* WHAT THE TASK REQUIRES *
Among the entries that follow, find every line with the word "name" and copy it.

* INPUT FOR THIS TASK *
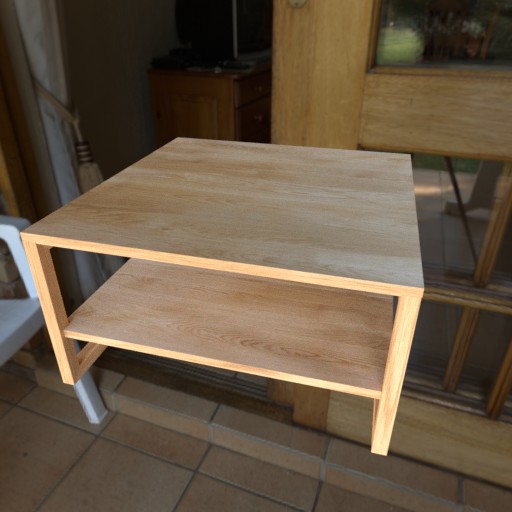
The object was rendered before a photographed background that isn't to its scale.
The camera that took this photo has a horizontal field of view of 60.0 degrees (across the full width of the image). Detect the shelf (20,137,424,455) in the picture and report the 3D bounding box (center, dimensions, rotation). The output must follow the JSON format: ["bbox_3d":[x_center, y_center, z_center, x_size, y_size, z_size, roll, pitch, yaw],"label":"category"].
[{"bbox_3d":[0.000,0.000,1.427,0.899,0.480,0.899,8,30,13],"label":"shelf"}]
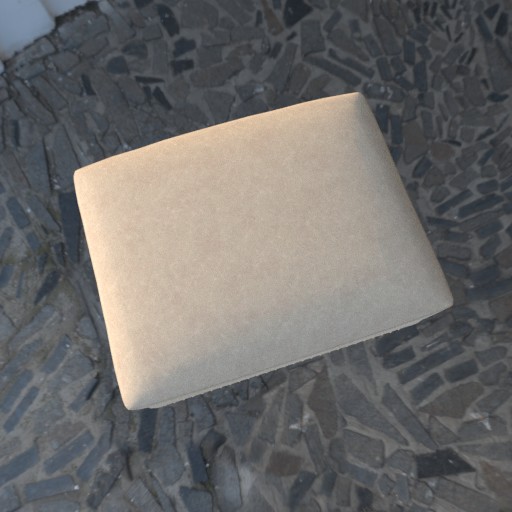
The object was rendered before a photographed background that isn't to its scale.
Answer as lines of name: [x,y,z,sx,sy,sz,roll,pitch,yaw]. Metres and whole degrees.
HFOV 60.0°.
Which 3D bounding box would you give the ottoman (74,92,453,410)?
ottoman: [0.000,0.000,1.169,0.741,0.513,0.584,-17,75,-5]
---
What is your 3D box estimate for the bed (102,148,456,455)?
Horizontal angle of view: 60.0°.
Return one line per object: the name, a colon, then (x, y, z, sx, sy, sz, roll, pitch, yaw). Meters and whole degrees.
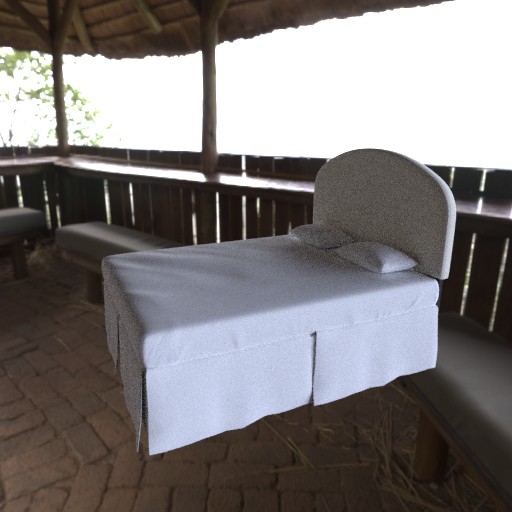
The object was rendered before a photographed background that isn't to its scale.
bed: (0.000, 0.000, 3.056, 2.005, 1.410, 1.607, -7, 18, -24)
==
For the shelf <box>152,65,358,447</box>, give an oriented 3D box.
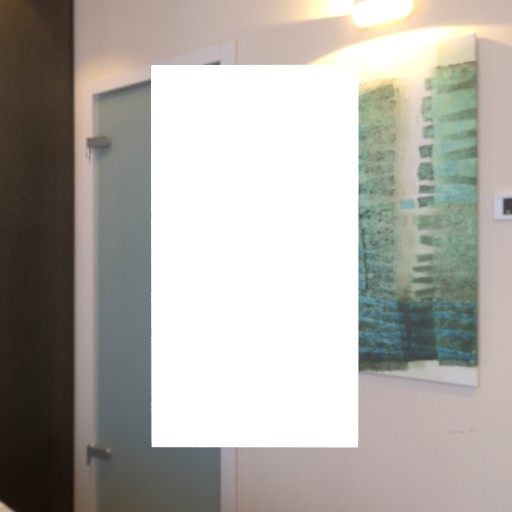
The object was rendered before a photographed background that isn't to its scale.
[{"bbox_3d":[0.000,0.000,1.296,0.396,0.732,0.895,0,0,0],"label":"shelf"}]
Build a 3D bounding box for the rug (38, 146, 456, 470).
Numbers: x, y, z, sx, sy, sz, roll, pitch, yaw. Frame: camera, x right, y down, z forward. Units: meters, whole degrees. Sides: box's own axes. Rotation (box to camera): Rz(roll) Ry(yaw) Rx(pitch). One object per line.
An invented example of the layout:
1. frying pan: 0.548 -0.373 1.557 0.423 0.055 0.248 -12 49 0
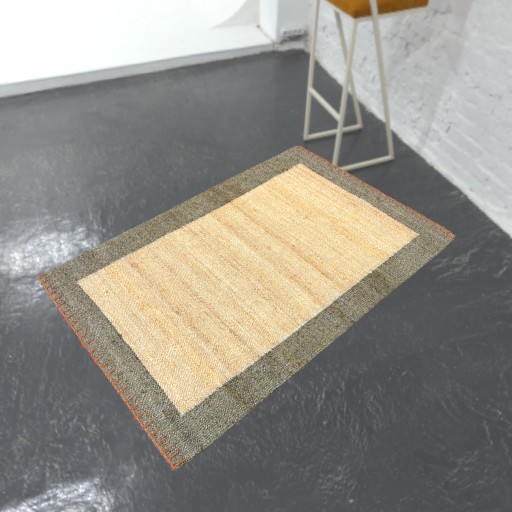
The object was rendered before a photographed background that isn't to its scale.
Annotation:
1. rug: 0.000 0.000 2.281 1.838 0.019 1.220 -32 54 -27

* TASK RESULT *
Answer as lines of name: [x,y,z,sx,sy,sz,roll,pitch,yaw]. Metres and whole degrees.
Return one line per object: the name, a colon, then (x, y, z, sx, sy, sz, roll, pitch, yaw). Meters and whole degrees.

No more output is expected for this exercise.